Dann schnappe ich mir die Fernbedienung und schalte den Fernseher ein. Und während auf RTL gepimpte Dumpfbacken in grotesken Boulevardmagazinen darüber berichten, wie gut Angelina Jolie wieder aussieht und wie sexy Paris Hilton doch ist, betrinke ich mich konsequent. Der Todesstoß kommt aber dann am Abend auf ProSieben: Germany’s Next Topmodel , normalerweise eine meiner absoluten Lieblingssendungen. Aber heute? Lauter hübsche und junge Frauen stolzieren mehr oder weniger grazil über einen Catwalk in einem Bergwerk. Heidi Klum trägt nach zehn Minuten Sendezeit bereits das dritte sexy Outfit, und ich heule – ungeachtet der aufgequollenen Regenwürmer –, was die Tränendrüsen hergeben.

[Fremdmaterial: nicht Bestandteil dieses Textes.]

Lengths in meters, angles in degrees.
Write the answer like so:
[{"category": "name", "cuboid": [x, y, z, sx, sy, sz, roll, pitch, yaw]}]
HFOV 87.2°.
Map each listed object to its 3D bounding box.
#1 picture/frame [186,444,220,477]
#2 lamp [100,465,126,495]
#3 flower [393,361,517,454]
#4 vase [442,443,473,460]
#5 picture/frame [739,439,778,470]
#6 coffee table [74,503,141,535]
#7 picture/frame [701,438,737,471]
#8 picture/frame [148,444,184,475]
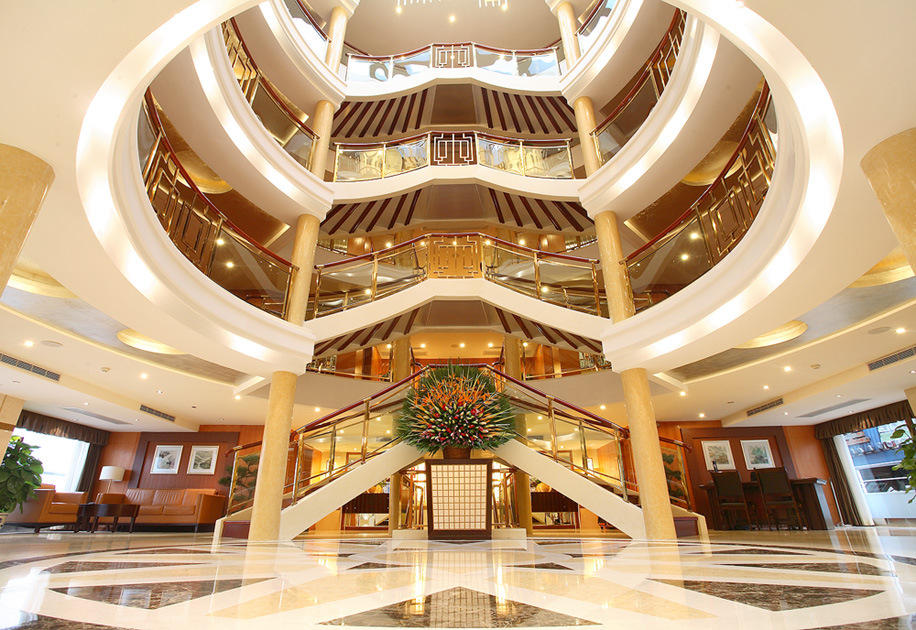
[{"category": "picture/frame", "cuboid": [-5.449, 3.123, 10.334, 0.773, 0.746, 0.060, 1, -28, -6]}, {"category": "lamp", "cuboid": [-7.233, 3.459, 10.102, 0.348, 0.496, 0.325, 22, -59, -30]}, {"category": "flower", "cuboid": [0.073, 1.049, 6.609, 1.273, 0.784, 1.266, 0, -7, -31]}, {"category": "vase", "cuboid": [-0.004, 1.691, 5.906, 0.357, 0.212, 0.308, 1, -29, -2]}, {"category": "picture/frame", "cuboid": [6.233, 2.907, 10.023, 0.851, 0.740, 0.057, 2, -26, -8]}, {"category": "coffee table", "cuboid": [-6.345, 3.675, 8.735, 0.911, 0.494, 1.527, 16, -32, -27]}, {"category": "picture/frame", "cuboid": [5.405, 2.906, 10.023, 0.749, 0.650, 0.025, 3, -28, -6]}, {"category": "picture/frame", "cuboid": [-6.270, 3.123, 10.385, 0.777, 0.703, 0.039, 1, -28, -4]}]
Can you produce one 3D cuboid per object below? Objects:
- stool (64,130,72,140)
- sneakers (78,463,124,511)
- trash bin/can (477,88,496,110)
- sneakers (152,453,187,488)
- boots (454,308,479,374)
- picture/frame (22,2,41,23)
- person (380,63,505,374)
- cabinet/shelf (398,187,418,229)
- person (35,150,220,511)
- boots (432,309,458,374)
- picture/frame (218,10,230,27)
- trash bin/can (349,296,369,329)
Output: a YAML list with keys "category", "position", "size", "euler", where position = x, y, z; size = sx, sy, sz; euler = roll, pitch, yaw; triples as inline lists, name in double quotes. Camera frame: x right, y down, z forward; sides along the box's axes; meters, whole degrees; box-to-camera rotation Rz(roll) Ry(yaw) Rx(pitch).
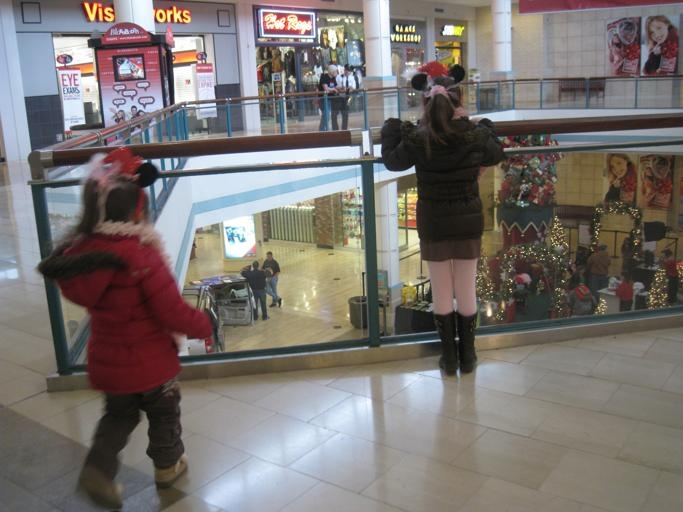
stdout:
- category: "stool"
  position: [-6.776, -2.983, 13.073]
  size: [0.203, 0.173, 1.376]
  euler: [-11, 16, -25]
- category: "sneakers"
  position: [-0.888, 0.854, 1.936]
  size: [0.093, 0.176, 0.171]
  euler: [-39, 36, 3]
- category: "trash bin/can"
  position: [4.051, -4.424, 14.829]
  size: [0.553, 0.660, 0.363]
  euler: [0, 8, 8]
- category: "sneakers"
  position: [-0.705, 0.903, 2.191]
  size: [0.061, 0.112, 0.164]
  euler: [6, 22, 18]
- category: "boots"
  position: [0.717, 0.483, 3.086]
  size: [0.142, 0.306, 0.326]
  euler: [-1, 7, 16]
- category: "picture/frame"
  position: [-7.799, -6.095, 13.228]
  size: [0.043, 0.586, 0.532]
  euler: [9, 13, 33]
- category: "person"
  position: [0.548, -0.191, 2.908]
  size: [0.640, 1.676, 0.351]
  euler: [0, 15, 16]
- category: "cabinet/shelf"
  position: [0.449, -0.285, 3.248]
  size: [0.143, 0.207, 0.143]
  euler: [-2, 9, 16]
- category: "person"
  position: [-0.848, 0.289, 2.038]
  size: [0.405, 1.358, 0.569]
  euler: [10, 20, 44]
- category: "boots"
  position: [0.638, 0.477, 3.115]
  size: [0.165, 0.346, 0.364]
  euler: [-7, 7, 11]
- category: "picture/frame"
  position: [-3.764, -7.563, 16.863]
  size: [0.060, 0.510, 0.475]
  euler: [9, 19, 41]
- category: "trash bin/can"
  position: [0.093, 0.357, 3.301]
  size: [0.213, 0.194, 0.215]
  euler: [1, -5, -1]
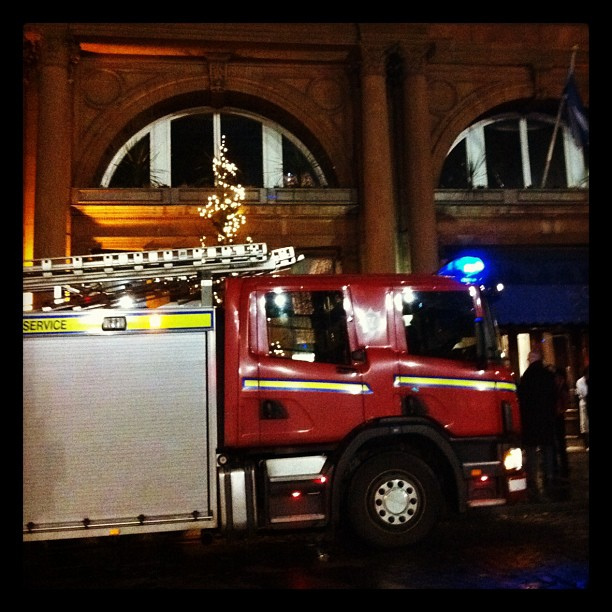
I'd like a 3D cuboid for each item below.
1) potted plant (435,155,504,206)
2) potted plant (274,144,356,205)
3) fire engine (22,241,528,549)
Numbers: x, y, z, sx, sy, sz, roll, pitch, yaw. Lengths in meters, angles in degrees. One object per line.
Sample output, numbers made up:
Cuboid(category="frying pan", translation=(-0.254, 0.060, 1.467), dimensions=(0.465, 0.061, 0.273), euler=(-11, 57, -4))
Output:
Cuboid(category="potted plant", translation=(3.950, -3.065, 20.759), dimensions=(1.567, 1.300, 1.929), euler=(-2, 0, 11))
Cuboid(category="potted plant", translation=(0.277, -3.101, 20.394), dimensions=(1.495, 1.386, 0.785), euler=(2, -22, -9))
Cuboid(category="fire engine", translation=(-1.002, 0.921, 10.424), dimensions=(7.504, 3.482, 2.437), euler=(-2, -2, -7))
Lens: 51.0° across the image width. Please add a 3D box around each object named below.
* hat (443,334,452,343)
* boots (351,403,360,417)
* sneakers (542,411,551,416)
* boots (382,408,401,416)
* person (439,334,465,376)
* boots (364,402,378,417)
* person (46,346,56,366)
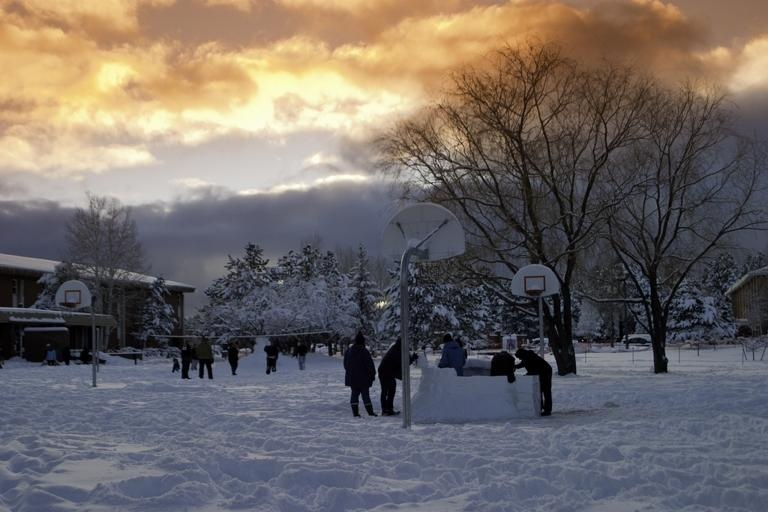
[{"bbox_3d":[1.894,2.461,24.001,0.236,0.246,0.250,-2,4,-23],"label":"hat"},{"bbox_3d":[-0.850,4.444,23.251,0.219,0.400,0.348,0,-8,-3],"label":"boots"},{"bbox_3d":[4.686,4.549,23.343,0.262,0.143,0.372,-2,-10,11],"label":"sneakers"},{"bbox_3d":[0.193,4.599,23.808,0.499,0.373,0.202,-5,-2,-2],"label":"boots"},{"bbox_3d":[1.974,2.956,24.179,0.712,1.238,1.336,-3,-9,19],"label":"person"},{"bbox_3d":[-0.423,4.487,23.543,0.360,0.384,0.554,0,-9,-5],"label":"boots"},{"bbox_3d":[-18.315,5.434,44.114,0.451,0.965,0.465,4,-9,-26],"label":"person"}]
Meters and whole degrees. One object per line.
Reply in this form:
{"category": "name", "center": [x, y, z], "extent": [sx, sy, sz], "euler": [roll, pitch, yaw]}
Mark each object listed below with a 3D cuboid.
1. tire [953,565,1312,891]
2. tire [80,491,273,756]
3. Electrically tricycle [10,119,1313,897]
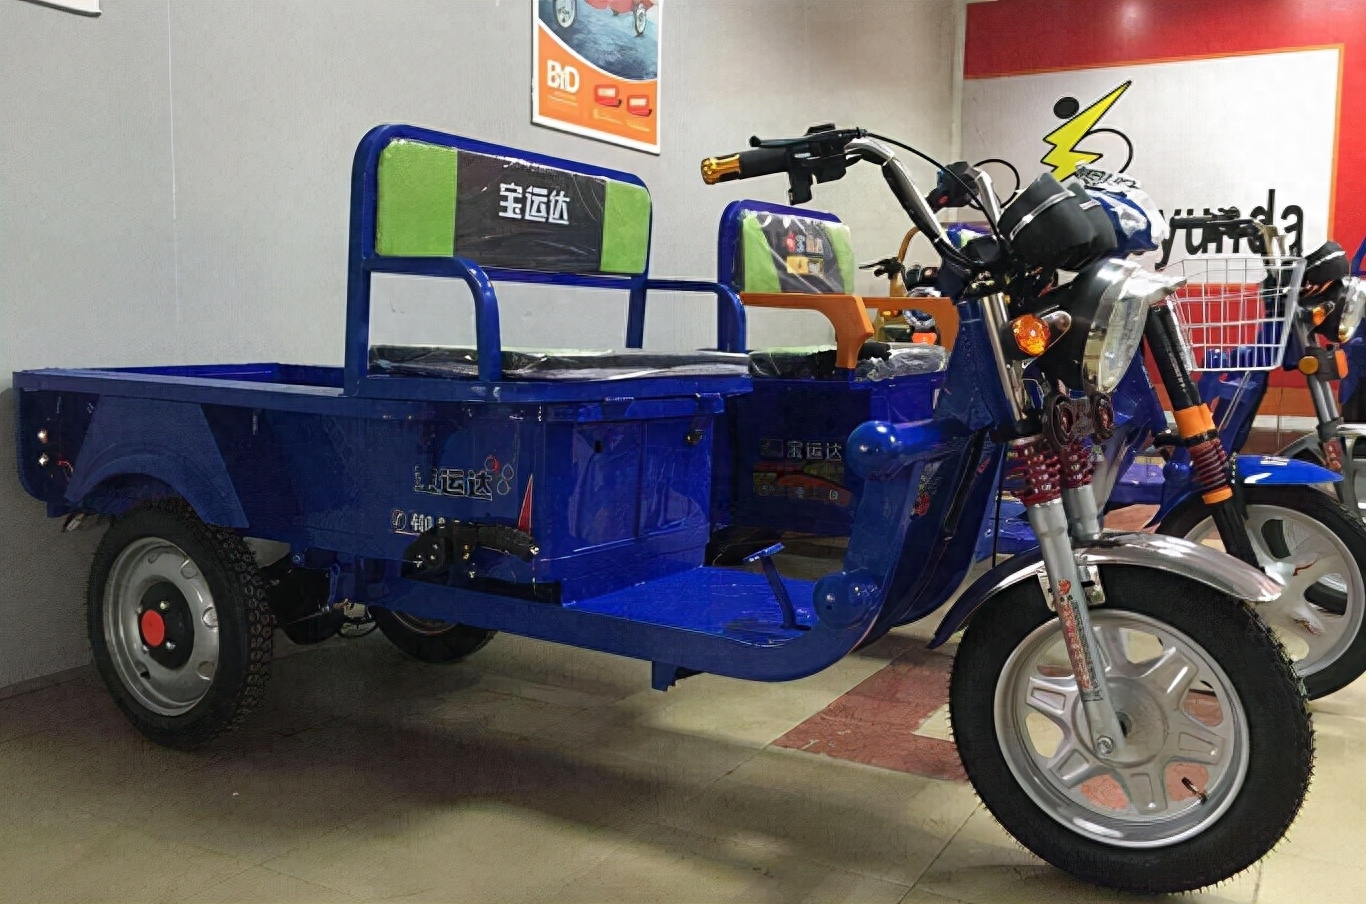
{"category": "tire", "center": [1.075, 0.684, 2.374], "extent": [0.833, 0.834, 0.155], "euler": [1, 4, 31]}
{"category": "tire", "center": [-1.555, 0.527, 3.022], "extent": [0.794, 0.884, 0.195], "euler": [-1, 5, 30]}
{"category": "Electrically tricycle", "center": [-0.314, 0.000, 3.363], "extent": [4.174, 2.134, 1.891], "euler": [4, 8, 31]}
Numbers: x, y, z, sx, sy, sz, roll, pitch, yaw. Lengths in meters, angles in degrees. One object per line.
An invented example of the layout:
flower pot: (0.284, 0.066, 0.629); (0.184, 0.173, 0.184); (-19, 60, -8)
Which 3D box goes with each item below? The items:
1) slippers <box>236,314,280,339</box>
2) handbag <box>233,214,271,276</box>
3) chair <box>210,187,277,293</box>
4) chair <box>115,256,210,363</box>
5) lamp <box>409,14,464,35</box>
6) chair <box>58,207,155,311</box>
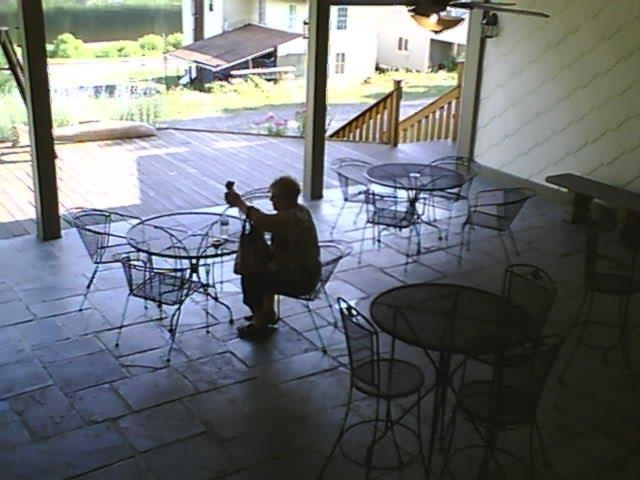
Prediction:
slippers: (-0.623, 0.839, 5.464); (0.329, 0.093, 0.209); (7, 28, 19)
handbag: (-0.639, 0.066, 5.237); (0.338, 0.538, 0.273); (-3, 26, -7)
chair: (-0.852, -0.258, 7.058); (0.711, 0.766, 0.331); (9, 5, 4)
chair: (-1.556, 0.525, 5.308); (0.810, 0.882, 1.058); (-9, 25, -20)
lamp: (0.993, -1.843, 4.780); (0.334, 0.209, 0.093); (21, 46, 1)
chair: (-2.345, 0.250, 6.122); (0.876, 0.966, 0.746); (-7, 45, -13)
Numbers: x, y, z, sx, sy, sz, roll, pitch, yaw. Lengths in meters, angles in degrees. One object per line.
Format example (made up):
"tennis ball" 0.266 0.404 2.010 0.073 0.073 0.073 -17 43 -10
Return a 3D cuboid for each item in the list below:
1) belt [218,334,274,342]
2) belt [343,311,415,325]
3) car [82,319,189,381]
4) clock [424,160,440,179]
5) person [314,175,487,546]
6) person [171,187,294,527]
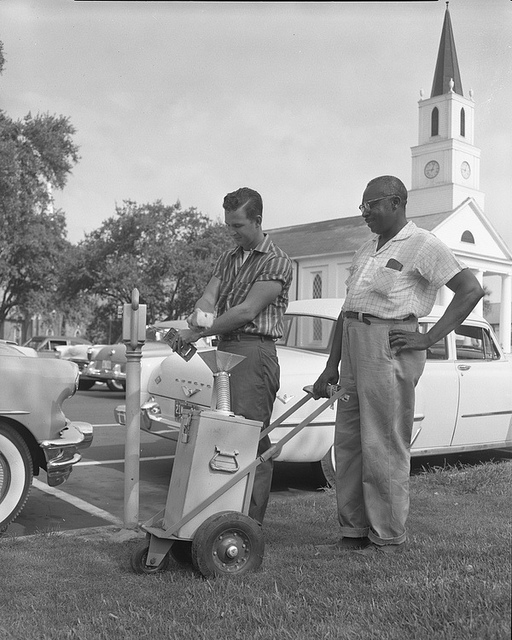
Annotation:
"belt" -0.047 0.083 4.094 0.259 0.036 0.128 -2 -2 0
"belt" 0.570 -0.014 3.957 0.332 0.069 0.132 -2 -2 16
"car" -2.127 0.572 13.597 1.990 0.848 1.191 -1 2 -38
"clock" 9.853 -8.414 47.351 0.075 1.081 1.122 7 -12 -30
"person" 0.647 0.186 3.980 0.861 1.746 0.421 -3 -2 25
"person" -0.085 0.202 4.045 0.535 1.654 0.822 -2 -2 4
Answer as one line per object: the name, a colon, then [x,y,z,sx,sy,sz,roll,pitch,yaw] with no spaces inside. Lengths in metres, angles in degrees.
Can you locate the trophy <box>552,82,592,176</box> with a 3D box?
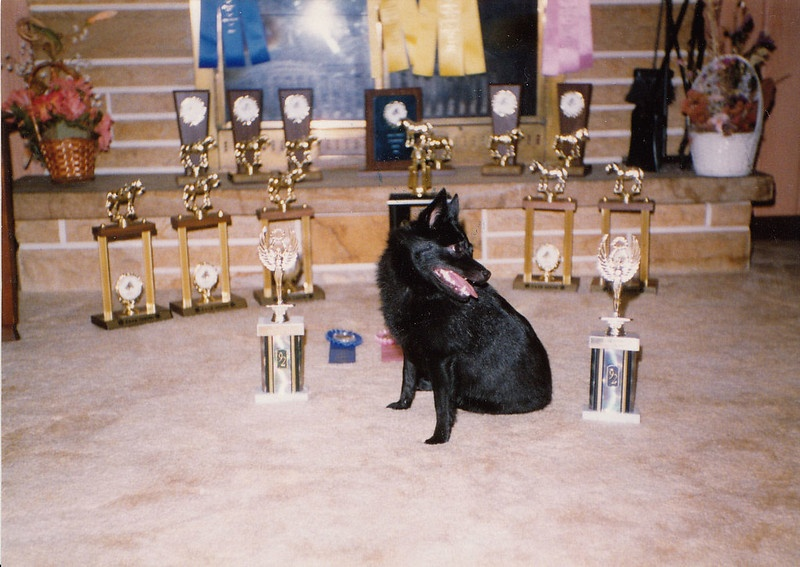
trophy: [1.496,-1.297,7.862,0.337,0.846,0.278,3,13,23]

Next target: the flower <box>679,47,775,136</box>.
flower: [2.654,-1.573,7.586,0.632,0.637,0.560,-1,14,2]

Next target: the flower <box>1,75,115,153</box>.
flower: [-2.793,-1.282,7.574,0.631,0.486,0.657,-6,-23,-5]

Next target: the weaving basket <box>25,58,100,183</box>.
weaving basket: [-2.847,-1.363,7.626,0.531,1.017,0.523,-12,9,-34]

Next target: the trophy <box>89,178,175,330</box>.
trophy: [-2.071,-0.264,6.816,0.569,1.011,0.769,-7,15,-20]

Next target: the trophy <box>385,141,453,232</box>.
trophy: [0.134,-0.704,6.596,0.466,0.892,0.481,3,38,-6]

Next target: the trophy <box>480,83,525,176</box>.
trophy: [0.871,-1.324,7.831,0.338,0.746,0.509,0,14,7]

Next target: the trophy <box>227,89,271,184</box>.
trophy: [-1.289,-1.270,7.695,0.333,0.808,0.257,-5,33,-11]

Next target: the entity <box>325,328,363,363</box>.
entity: [-0.384,0.421,6.203,0.242,0.136,0.370,-2,14,-2]

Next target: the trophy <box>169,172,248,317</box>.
trophy: [-1.511,-0.334,6.986,0.569,1.001,0.671,-5,14,-13]
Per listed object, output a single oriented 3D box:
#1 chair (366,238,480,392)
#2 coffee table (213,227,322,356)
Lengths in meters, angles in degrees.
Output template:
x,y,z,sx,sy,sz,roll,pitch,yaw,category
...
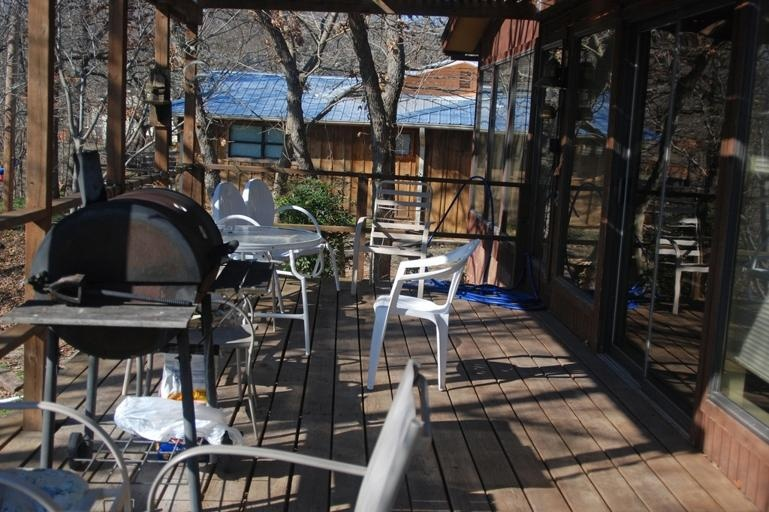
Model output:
x,y,z,sx,sy,sz,roll,pitch,yaw,category
0.259,0.338,4.683,1.011,1.340,0.898,3,6,2,chair
-0.818,-0.023,5.149,0.741,1.201,0.829,3,13,18,coffee table

Als ich die geballte Ladung Schönheit und all die kleinen Problemchen, die diese Mädels haben und für die ich mehr als dankbar wäre, wenn ich sie denn hätte, nicht mehr ertrage, schalte ich zu 3Sat und schaue mir eine Reportage über die unhaltbaren Zustände in deutschen Altenheimen an. Mit Wundliegen, Demenz und Inkontinenz geht es mir wesentlich besser, als mit »Hilfe, ich habe einen Pickel am Kinn und kann nicht auf hohen Hacken laufen«. Ich wünschte, ich hätte auch Alzheimer und könnte vergessen, was heute passiert ist.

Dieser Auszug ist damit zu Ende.